De schout: ‘Die ramen, van wie zijn die?’
Jan zei niets. Dat had ook geen zin. Het waren ramen die je als timmerman niet in je eigen vensters deed. Dan zou je je eigen glazen ingooien!
De schout: ‘Onder dit glas met raamke staat “Dominus Abraham Melchiors, kanunnik te Oirschot, 1643”, en dit glas, daar staat een wapen op afgebeeld, met daaronder: “Jan van Dinther, 1643”. Je wilt toch niet zeggen dat…’
Jan zei niets.
1690 Impregneren
‘Seks’, heer schout Johan Ambrosius Cox, kent u dat woord? Gebruikt men in uw tijd dat begrip? Nou, de schout kende in ieder geval wel andere omschrijvingen. En hij had er géén begrip voor. Hij wees op het plakkaat van 1 april 1683, op het stuk van defloratie:
‘Een jongeman, verlijdende een eerlijke dochter en haar door het bijslapen of vleselijke conversatie impregnerende, is gehouden een boete van 100 gulden te betalen.’
Wijnandt Dirck Coolen had zich niet ontzien door middel van schone woorden en trouwbelofte de dochter van Claes Thomas Strijbos te misleiden (en tegelijkertijd te vérleiden). Het meiske heette Maria.
‘Op deze familie valt, buiten dit geval, niets ter wereld aan te merken. Maar Wijnandt heeft Maria wél bezwangerd.’
De schout legde met graagte de bijbehorende boete op!
Gaat het te ver om ruim drie eeuwen na dato aan schout Cox uit te leggen dat de zo ongeveer enige man die verlijden kan, een notaris is? En dan geen skon meidje, maar een akte. Díé wordt door een notaris verleden. Ja, dat gaat inderdaad te ver. We laten dít verleden rusten …
1760 Op tijd naar huis
Zou het plakkaat van 15 juli 1760 eigenlijk al gelden? We hebben het hier over het placcaet door de heer Landcommandeur der Balije Alden Biessen als soevereine grondheer van Gemert geëmaneerd, en op 24 juli van datzelfde jaar met klokkenslag aan het volk na de Hoogmis gepubliceerd. U en ik hádden het dus kunnen weten…
Het was vanaf dat moment verboden – en wel op een boete van 25 gulden, € 11.- aan de herbergiers van Gemert om ’s avonds na tien uur te tappen. En dat niet alleen, nee, de klanten en gasten dienden op dat moment te vertrekken!
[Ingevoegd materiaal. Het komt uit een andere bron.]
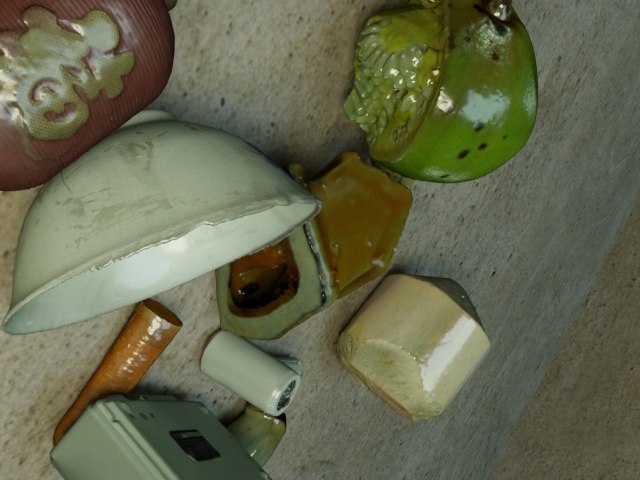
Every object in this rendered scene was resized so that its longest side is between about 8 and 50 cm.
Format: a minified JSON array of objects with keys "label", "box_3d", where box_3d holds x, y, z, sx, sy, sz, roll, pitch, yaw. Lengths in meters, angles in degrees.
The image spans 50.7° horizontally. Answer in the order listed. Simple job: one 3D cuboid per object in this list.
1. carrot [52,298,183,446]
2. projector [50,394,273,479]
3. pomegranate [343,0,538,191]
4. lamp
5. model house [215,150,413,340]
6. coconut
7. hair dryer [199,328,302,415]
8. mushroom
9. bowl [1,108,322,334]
[{"label":"carrot","box_3d":[-0.250,0.167,0.805,0.210,0.061,0.061,-53,145,-3]},{"label":"projector","box_3d":[-0.172,0.277,0.810,0.099,0.192,0.256,-50,159,1]},{"label":"pomegranate","box_3d":[0.149,-0.183,0.900,0.260,0.260,0.341,-38,164,-29]},{"label":"lamp","box_3d":[-0.218,-0.149,0.505,0.258,0.180,0.180,-45,143,-19]},{"label":"model house","box_3d":[-0.009,-0.001,0.901,0.239,0.173,0.268,-29,178,-45]},{"label":"coconut","box_3d":[0.172,0.171,1.193,0.244,0.239,0.239,-49,144,-13]},{"label":"hair dryer","box_3d":[-0.072,0.199,1.006,0.073,0.131,0.236,-61,159,-3]},{"label":"mushroom","box_3d":[-0.179,0.371,1.014,0.333,0.087,0.107,-40,142,-23]},{"label":"bowl","box_3d":[-0.165,-0.036,0.649,0.313,0.146,0.313,-22,174,-3]}]
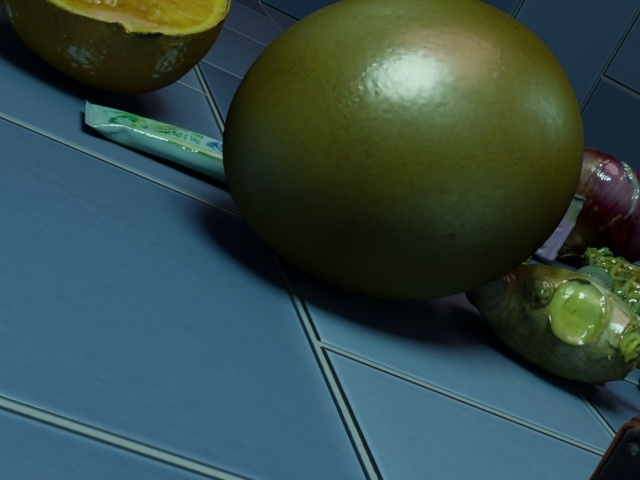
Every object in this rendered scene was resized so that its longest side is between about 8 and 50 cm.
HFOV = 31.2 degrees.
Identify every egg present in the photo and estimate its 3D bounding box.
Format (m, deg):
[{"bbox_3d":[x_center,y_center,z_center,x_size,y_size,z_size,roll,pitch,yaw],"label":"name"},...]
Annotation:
[{"bbox_3d":[0.077,-0.085,1.045,0.351,0.282,0.282,-10,36,-36],"label":"egg"}]

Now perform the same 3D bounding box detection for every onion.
[{"bbox_3d":[0.405,-0.034,1.761,0.230,0.163,0.230,25,-32,17],"label":"onion"}]

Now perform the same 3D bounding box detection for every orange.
[{"bbox_3d":[-0.239,-0.301,1.285,0.274,0.274,0.310,7,69,-55],"label":"orange"}]

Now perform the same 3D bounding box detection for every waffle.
[{"bbox_3d":[0.476,0.087,1.651,0.214,0.054,0.208,25,17,-24],"label":"waffle"}]

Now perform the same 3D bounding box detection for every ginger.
[{"bbox_3d":[0.245,0.086,1.141,0.216,0.102,0.157,25,-13,5],"label":"ginger"}]

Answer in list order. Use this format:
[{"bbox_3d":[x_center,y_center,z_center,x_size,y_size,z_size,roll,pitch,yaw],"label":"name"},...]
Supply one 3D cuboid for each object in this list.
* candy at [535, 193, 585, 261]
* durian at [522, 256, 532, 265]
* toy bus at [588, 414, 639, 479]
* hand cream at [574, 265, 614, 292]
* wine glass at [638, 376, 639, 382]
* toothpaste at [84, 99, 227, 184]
[{"bbox_3d":[0.236,-0.073,1.630,0.265,0.116,0.155,16,15,-39],"label":"candy"},{"bbox_3d":[0.184,-0.048,1.400,0.252,0.139,0.144,37,4,29],"label":"durian"},{"bbox_3d":[0.290,0.236,0.628,0.329,0.143,0.153,34,15,27],"label":"toy bus"},{"bbox_3d":[0.316,0.077,1.412,0.086,0.055,0.235,30,21,18],"label":"hand cream"},{"bbox_3d":[0.573,0.157,1.228,0.406,0.267,0.267,29,14,18],"label":"wine glass"},{"bbox_3d":[-0.103,-0.079,1.185,0.297,0.048,0.075,20,19,-17],"label":"toothpaste"}]
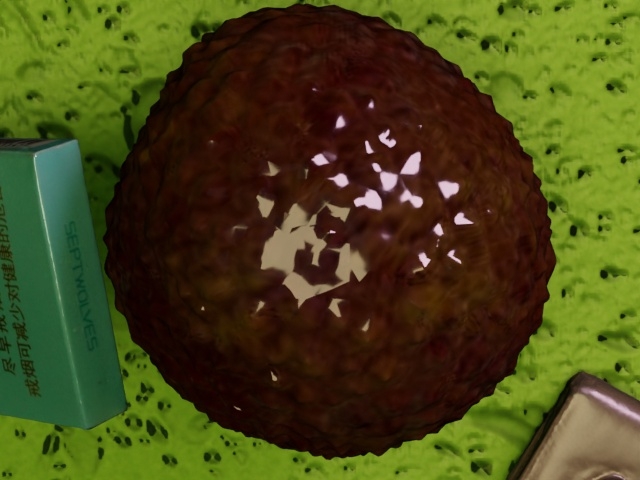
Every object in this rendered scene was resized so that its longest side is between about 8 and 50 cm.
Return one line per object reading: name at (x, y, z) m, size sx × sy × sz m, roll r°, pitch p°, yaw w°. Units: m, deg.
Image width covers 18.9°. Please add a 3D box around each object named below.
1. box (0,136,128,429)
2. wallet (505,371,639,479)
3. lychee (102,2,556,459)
box at (-0.217, 0.018, 1.123) m, size 0.229 × 0.041 × 0.162 m, roll 4°, pitch 109°, yaw 39°
wallet at (0.199, 0.165, 1.222) m, size 0.152 × 0.039 × 0.118 m, roll 27°, pitch 103°, yaw -8°
lychee at (0.000, 0.000, 1.077) m, size 0.260 × 0.260 × 0.260 m, roll 0°, pitch 106°, yaw 1°
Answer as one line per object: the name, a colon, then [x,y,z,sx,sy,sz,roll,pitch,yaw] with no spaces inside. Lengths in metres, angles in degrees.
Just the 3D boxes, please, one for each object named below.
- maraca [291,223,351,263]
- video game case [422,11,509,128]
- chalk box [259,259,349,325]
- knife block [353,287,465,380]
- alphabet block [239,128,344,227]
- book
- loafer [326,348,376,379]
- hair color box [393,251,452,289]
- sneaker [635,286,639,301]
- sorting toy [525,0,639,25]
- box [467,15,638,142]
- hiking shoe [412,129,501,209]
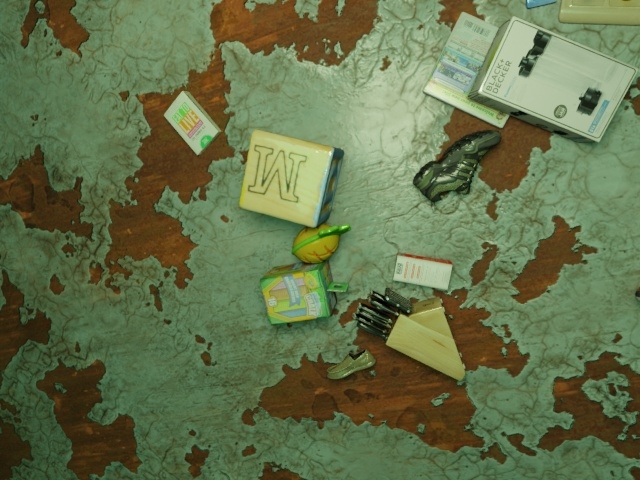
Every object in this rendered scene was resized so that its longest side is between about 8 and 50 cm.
maraca: [0.000,0.000,1.076,0.185,0.127,0.099,-33,76,45]
video game case: [0.382,-0.400,0.987,0.212,0.023,0.194,27,104,5]
chalk box: [-0.033,0.130,1.117,0.212,0.132,0.132,-12,98,13]
knife block: [0.225,0.254,1.109,0.242,0.088,0.276,-20,96,15]
alphabet block: [-0.066,-0.157,1.042,0.197,0.192,0.194,15,101,8]
book: [-0.353,-0.323,1.154,0.096,0.035,0.144,-41,92,20]
loafer: [0.082,0.344,1.175,0.147,0.056,0.050,-23,94,5]
hair color box: [0.265,0.079,1.090,0.141,0.043,0.072,10,102,9]
sneaker: [0.873,0.057,0.931,0.320,0.124,0.180,-6,95,2]
sorting toy: [0.628,-0.573,0.890,0.347,0.047,0.196,7,102,10]
box: [0.501,-0.345,0.920,0.289,0.087,0.169,23,104,-1]
hiking shoe: [0.344,-0.174,1.017,0.226,0.086,0.114,-34,106,21]
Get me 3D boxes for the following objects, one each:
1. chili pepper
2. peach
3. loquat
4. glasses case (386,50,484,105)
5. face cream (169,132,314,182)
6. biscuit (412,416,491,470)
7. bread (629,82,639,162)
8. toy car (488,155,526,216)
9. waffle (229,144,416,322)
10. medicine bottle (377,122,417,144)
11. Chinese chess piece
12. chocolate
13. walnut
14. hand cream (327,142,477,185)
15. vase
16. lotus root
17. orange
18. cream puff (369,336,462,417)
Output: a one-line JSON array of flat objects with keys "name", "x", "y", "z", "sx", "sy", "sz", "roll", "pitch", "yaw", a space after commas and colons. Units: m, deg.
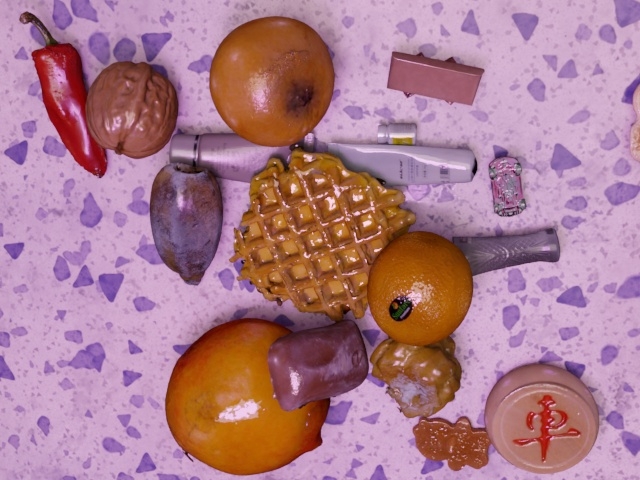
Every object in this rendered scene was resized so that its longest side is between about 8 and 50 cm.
[{"name": "chili pepper", "x": -0.564, "y": -0.320, "z": 1.733, "sx": 0.110, "sy": 0.110, "sz": 0.387, "roll": -11, "pitch": 107, "yaw": 11}, {"name": "peach", "x": -0.156, "y": 0.351, "z": 1.725, "sx": 0.373, "sy": 0.290, "sz": 0.372, "roll": -3, "pitch": 69, "yaw": 7}, {"name": "loquat", "x": -0.097, "y": -0.324, "z": 1.580, "sx": 0.263, "sy": 0.263, "sz": 0.263, "roll": 2, "pitch": 103, "yaw": 8}, {"name": "glasses case", "x": 0.238, "y": -0.339, "z": 1.633, "sx": 0.193, "sy": 0.070, "sz": 0.102, "roll": 12, "pitch": 132, "yaw": 4}, {"name": "face cream", "x": -0.174, "y": -0.182, "z": 1.716, "sx": 0.314, "sy": 0.089, "sz": 0.143, "roll": 6, "pitch": 110, "yaw": 1}, {"name": "biscuit", "x": 0.310, "y": 0.478, "z": 1.824, "sx": 0.184, "sy": 0.027, "sz": 0.133, "roll": -2, "pitch": 103, "yaw": 11}, {"name": "bread", "x": 0.780, "y": -0.230, "z": 1.575, "sx": 0.316, "sy": 0.054, "sz": 0.316, "roll": 2, "pitch": 102, "yaw": 8}, {"name": "toy car", "x": 0.398, "y": -0.117, "z": 1.659, "sx": 0.069, "sy": 0.055, "sz": 0.142, "roll": -9, "pitch": 115, "yaw": 11}, {"name": "waffle", "x": 0.000, "y": 0.000, "z": 1.711, "sx": 0.382, "sy": 0.095, "sz": 0.379, "roll": 20, "pitch": 112, "yaw": 0}, {"name": "medicine bottle", "x": 0.166, "y": -0.228, "z": 1.670, "sx": 0.083, "sy": 0.047, "sz": 0.047, "roll": 1, "pitch": 103, "yaw": 8}, {"name": "Chinese chess piece", "x": 0.495, "y": 0.401, "z": 1.743, "sx": 0.251, "sy": 0.097, "sz": 0.251, "roll": 2, "pitch": 104, "yaw": 9}, {"name": "chocolate", "x": 0.013, "y": 0.255, "z": 1.625, "sx": 0.083, "sy": 0.261, "sz": 0.161, "roll": -20, "pitch": 85, "yaw": 47}, {"name": "walnut", "x": -0.403, "y": -0.283, "z": 1.669, "sx": 0.213, "sy": 0.213, "sz": 0.213, "roll": 2, "pitch": 103, "yaw": 8}, {"name": "hand cream", "x": 0.176, "y": -0.160, "z": 1.677, "sx": 0.321, "sy": 0.067, "sz": 0.109, "roll": 0, "pitch": 124, "yaw": 10}, {"name": "vase", "x": 0.400, "y": 0.024, "z": 1.674, "sx": 0.219, "sy": 0.096, "sz": 0.096, "roll": -8, "pitch": 102, "yaw": 7}, {"name": "lotus root", "x": -0.295, "y": -0.017, "z": 1.710, "sx": 0.158, "sy": 0.140, "sz": 0.322, "roll": 5, "pitch": 121, "yaw": 2}, {"name": "orange", "x": 0.204, "y": 0.098, "z": 1.591, "sx": 0.236, "sy": 0.236, "sz": 0.236, "roll": 2, "pitch": 103, "yaw": 8}, {"name": "cream puff", "x": 0.229, "y": 0.272, "z": 1.713, "sx": 0.195, "sy": 0.194, "sz": 0.221, "roll": -25, "pitch": 118, "yaw": 13}]
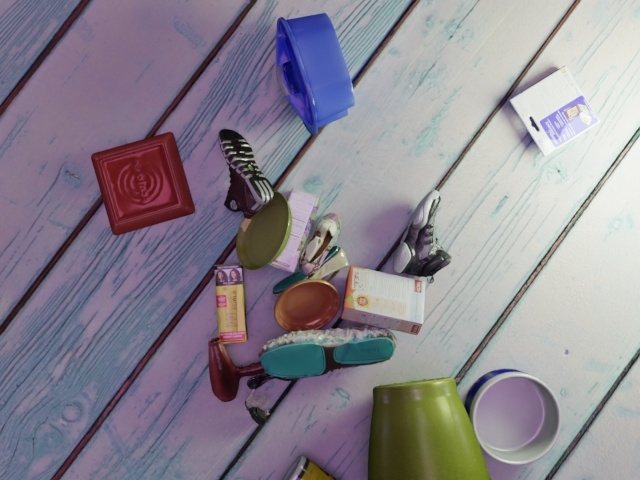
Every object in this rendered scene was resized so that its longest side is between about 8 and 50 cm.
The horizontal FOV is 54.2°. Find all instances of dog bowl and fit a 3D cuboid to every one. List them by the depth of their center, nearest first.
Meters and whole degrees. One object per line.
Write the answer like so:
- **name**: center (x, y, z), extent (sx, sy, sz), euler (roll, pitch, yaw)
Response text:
- **dog bowl**: center (0.565, 0.517, 1.855), extent (0.264, 0.104, 0.265), euler (0, 89, -2)

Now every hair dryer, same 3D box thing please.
- **hair dryer**: center (-0.221, 0.383, 1.844), extent (0.293, 0.080, 0.224), euler (38, 85, -20)

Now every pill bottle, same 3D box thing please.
- **pill bottle**: center (-0.004, 0.735, 1.826), extent (0.208, 0.119, 0.119), euler (36, 88, -1)

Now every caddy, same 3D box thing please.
- **caddy**: center (-0.035, -0.475, 1.790), extent (0.179, 0.241, 0.342), euler (-18, 89, -8)

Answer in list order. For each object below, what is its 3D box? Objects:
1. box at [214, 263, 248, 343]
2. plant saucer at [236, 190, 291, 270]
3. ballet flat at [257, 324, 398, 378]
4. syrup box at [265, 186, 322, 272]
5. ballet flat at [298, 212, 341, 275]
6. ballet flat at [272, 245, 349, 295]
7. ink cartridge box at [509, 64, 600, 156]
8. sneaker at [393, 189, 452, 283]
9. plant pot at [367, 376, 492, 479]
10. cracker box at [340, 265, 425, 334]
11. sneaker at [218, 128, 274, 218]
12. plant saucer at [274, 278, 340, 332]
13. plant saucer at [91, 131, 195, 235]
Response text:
- **box**: center (-0.266, 0.186, 1.858), extent (0.087, 0.058, 0.233), euler (-3, 90, -2)
- **plant saucer**: center (-0.157, -0.025, 1.807), extent (0.037, 0.241, 0.241), euler (23, 88, -38)
- **ballet flat**: center (0.019, 0.314, 1.827), extent (0.408, 0.147, 0.147), euler (-4, 89, -8)
- **syrup box**: center (-0.080, -0.029, 1.850), extent (0.096, 0.093, 0.237), euler (20, 88, -2)
- **ballet flat**: center (0.000, 0.000, 1.824), extent (0.076, 0.079, 0.222), euler (22, 66, 16)
- **ballet flat**: center (-0.023, 0.113, 1.862), extent (0.248, 0.086, 0.086), euler (-33, 90, -3)
- **ink cartridge box**: center (0.707, -0.391, 1.905), extent (0.208, 0.045, 0.206), euler (-31, 90, -3)
- **sneaker**: center (0.330, -0.006, 1.863), extent (0.153, 0.101, 0.269), euler (24, 94, -2)
- **plant pot**: center (0.284, 0.570, 1.746), extent (0.366, 0.366, 0.353), euler (-7, 78, -2)
- **cracker box**: center (0.184, 0.174, 1.828), extent (0.232, 0.067, 0.156), euler (12, 49, 1)
- **sneaker**: center (-0.257, -0.184, 1.849), extent (0.162, 0.106, 0.281), euler (-47, 61, 35)
- **plant saucer**: center (-0.041, 0.188, 1.832), extent (0.199, 0.037, 0.200), euler (-9, 127, -12)
- **plant saucer**: center (-0.533, -0.172, 1.863), extent (0.258, 0.048, 0.259), euler (-16, 89, -1)
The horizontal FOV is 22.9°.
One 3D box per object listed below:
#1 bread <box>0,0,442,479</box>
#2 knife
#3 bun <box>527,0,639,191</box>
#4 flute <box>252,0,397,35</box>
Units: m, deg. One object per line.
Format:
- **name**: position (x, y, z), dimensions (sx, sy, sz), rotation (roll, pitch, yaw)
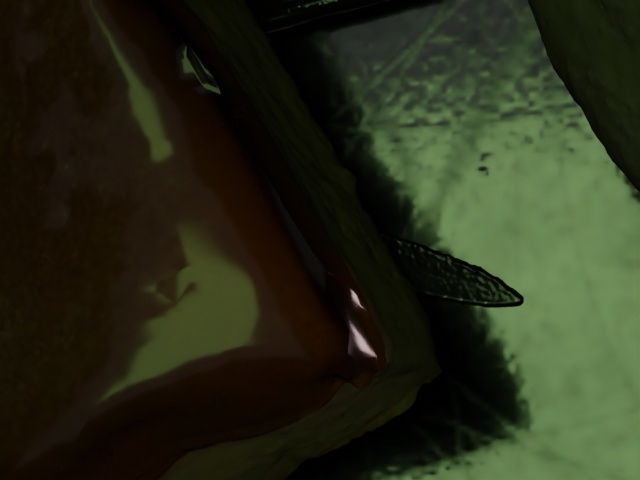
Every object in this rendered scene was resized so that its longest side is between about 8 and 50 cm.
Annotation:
- **bread**: position (-0.162, -0.005, 0.609), dimensions (0.333, 0.143, 0.323), rotation (-35, 73, 13)
- **knife**: position (0.000, 0.000, 0.634), dimensions (0.170, 0.010, 0.023), rotation (16, 91, 19)
- **bun**: position (0.224, -0.143, 0.476), dimensions (0.365, 0.219, 0.365), rotation (-3, 78, 14)
- **flute**: position (-0.040, -0.088, 0.662), dimensions (0.270, 0.014, 0.014), rotation (-13, 76, 16)
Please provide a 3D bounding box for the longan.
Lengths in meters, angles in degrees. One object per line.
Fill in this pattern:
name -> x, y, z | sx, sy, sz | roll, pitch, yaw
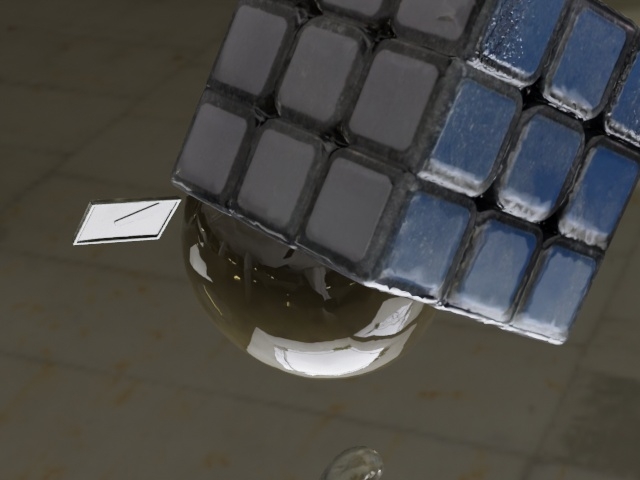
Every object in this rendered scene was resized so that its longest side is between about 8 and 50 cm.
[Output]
longan -> 0.000, 0.000, 1.801 | 0.361, 0.361, 0.361 | -3, -151, 2

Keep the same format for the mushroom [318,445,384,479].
mushroom -> 0.040, 0.253, 1.456 | 0.079, 0.085, 0.085 | 34, -138, 16

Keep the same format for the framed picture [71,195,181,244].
framed picture -> -0.179, -0.019, 1.334 | 0.089, 0.066, 0.007 | -5, -123, -31

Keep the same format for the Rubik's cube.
Rubik's cube -> 0.097, -0.113, 1.332 | 0.301, 0.305, 0.303 | 19, -176, -44
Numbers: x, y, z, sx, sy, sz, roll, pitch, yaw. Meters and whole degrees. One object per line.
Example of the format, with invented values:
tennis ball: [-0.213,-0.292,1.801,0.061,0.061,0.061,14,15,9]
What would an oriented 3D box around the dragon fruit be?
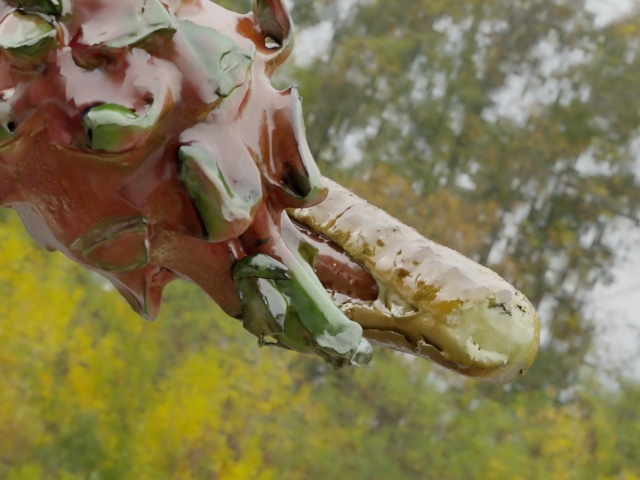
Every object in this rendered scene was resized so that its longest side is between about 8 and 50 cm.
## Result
dragon fruit: [-0.058,-0.034,0.687,0.236,0.137,0.135,35,-37,-16]

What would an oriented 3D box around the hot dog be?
hot dog: [0.001,0.000,0.870,0.083,0.068,0.289,-4,21,-42]
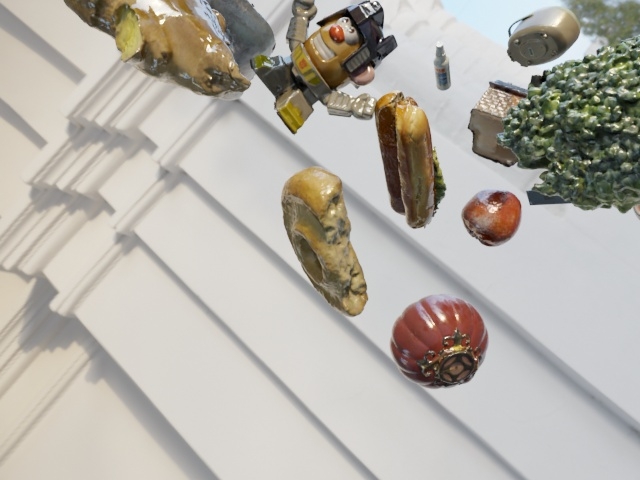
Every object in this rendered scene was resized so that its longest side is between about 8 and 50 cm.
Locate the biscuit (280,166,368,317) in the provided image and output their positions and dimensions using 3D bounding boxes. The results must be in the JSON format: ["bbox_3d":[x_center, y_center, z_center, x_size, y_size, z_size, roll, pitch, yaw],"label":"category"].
[{"bbox_3d":[-0.001,0.001,0.908,0.091,0.213,0.274,-28,-65,-17],"label":"biscuit"}]

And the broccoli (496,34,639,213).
[{"bbox_3d":[0.410,-0.132,0.685,0.245,0.288,0.248,30,-70,-37],"label":"broccoli"}]

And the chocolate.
[{"bbox_3d":[-0.229,-0.441,1.167,0.100,0.185,0.303,-52,13,-30],"label":"chocolate"}]

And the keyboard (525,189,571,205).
[{"bbox_3d":[0.740,-0.143,1.618,0.014,0.055,0.176,-28,12,-21],"label":"keyboard"}]

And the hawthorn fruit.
[{"bbox_3d":[0.500,-0.071,1.451,0.173,0.173,0.173,-43,-18,-18],"label":"hawthorn fruit"}]

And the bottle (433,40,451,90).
[{"bbox_3d":[0.446,-0.641,1.838,0.060,0.060,0.217,-47,-29,-8],"label":"bottle"}]

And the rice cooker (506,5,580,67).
[{"bbox_3d":[0.633,-0.582,1.440,0.127,0.145,0.206,-54,26,-20],"label":"rice cooker"}]

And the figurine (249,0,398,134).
[{"bbox_3d":[0.012,-0.372,1.034,0.309,0.308,0.143,-53,6,12],"label":"figurine"}]

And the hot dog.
[{"bbox_3d":[0.190,-0.153,1.038,0.100,0.135,0.337,-30,-44,-10],"label":"hot dog"}]

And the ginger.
[{"bbox_3d":[-0.203,-0.287,0.711,0.123,0.270,0.219,-45,-2,38],"label":"ginger"}]

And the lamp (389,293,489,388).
[{"bbox_3d":[0.362,0.308,1.530,0.303,0.303,0.257,-53,25,13],"label":"lamp"}]

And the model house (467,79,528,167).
[{"bbox_3d":[0.497,-0.324,1.327,0.172,0.166,0.183,-57,-21,-20],"label":"model house"}]

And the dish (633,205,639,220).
[{"bbox_3d":[0.885,-0.120,1.287,0.090,0.214,0.213,0,-39,-20],"label":"dish"}]

Berber, de weduwe van Jan Oswolt Robert, dreef anno 1760 ook een herberg en dreef de klanten vanaf die 24ste juli niet om 22.00 uur naar buiten. Zo’n type was zij nu eenmaal niet, zoiets doe je als gastvrije cafébazin niet. En al helemaal niet als Jantje Manders en N.N. Clefort, beide inwoners alhier, nog in je staminee zitten. Op 27 juli, drie dagen na de afkondiging van het plakkaat, ging de deur open, zowat de gehele Gemertse politiemacht, bestaande uit de vorster, de schutter en de vrijschutter, kwam binnen en Berbertje moest bloeden. Zij werd gecalengeerd, beboet.
Maar Berber was het er blijkbaar niet mee eens, zij betaalde de boete niet, en dat is de reden waarom ook dit incidentje vereeuwigd is in Gemerts Rechte(r)lijk Archief.